The Belgian striker, who left us for Inter Milan in a £73 million deal before the 2019-20 season kicked-off, also claimed that he, Paul Pogba and Alexis Sanchez were unfairly blamed for our poor campaign last season that saw us finish 6th in the Premier League and miss out on Champions League football this season. Lukaku also feels he was mistreated after falling out of favour with Ole Gunnar Solskjaer.

Last season we scored 65 Premier League goals: Lukaku scored 12, Pogba scored 13 and Sanchez scored 1 (they played in 78 games between them). So this trio, I refuse to call them a Trinity as my fellow Reds would find me guilty of blaspheming the Holy Trinity of Law, Best and Charlton, scored 40% of our mediocre goals tally. Incidentally, Lingard, Martial and Rashford netted 24 Premier League goals between them in 86 games.

I agree with our former striker, but not his comment that he was a scapegoat. I am of the opinion that he, Pogba and Sanchez were culpable for our disappointing sixth place finish.
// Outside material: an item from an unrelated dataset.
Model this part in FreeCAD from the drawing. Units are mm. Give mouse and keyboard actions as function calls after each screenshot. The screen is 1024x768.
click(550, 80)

Lukaku was far too static up front and his lack of movement simply made it easy for defenders to mark him out of a game. Ex-United player, Rio Ferdinand, said the following about Lukaku last season, as covered by Talksport

“When the ball is developing more in central areas of the pitch he just stands and really he’s got to be moving even if he’s sometimes standing offside. Make defenders think, and at the moment defenders are seeing exactly where he is, he’s not moving so you know what he’s doing and for a defender that’s a dream. You need players moving in behind, making your defender changing position and changing the eyeliner”

said our former defender.

During his time at United, Lukaku was criticised for a perceived weight problem, an issue Gary Neville, who wears his United heart on his sleeve, described as “unforgivable” for a professional footballer.

During the 2017-18 season, Jose Mourinho bizarrely blamed Lukaku’s goal scoring drought on the Belgian international not having a multi-million pound boot deal!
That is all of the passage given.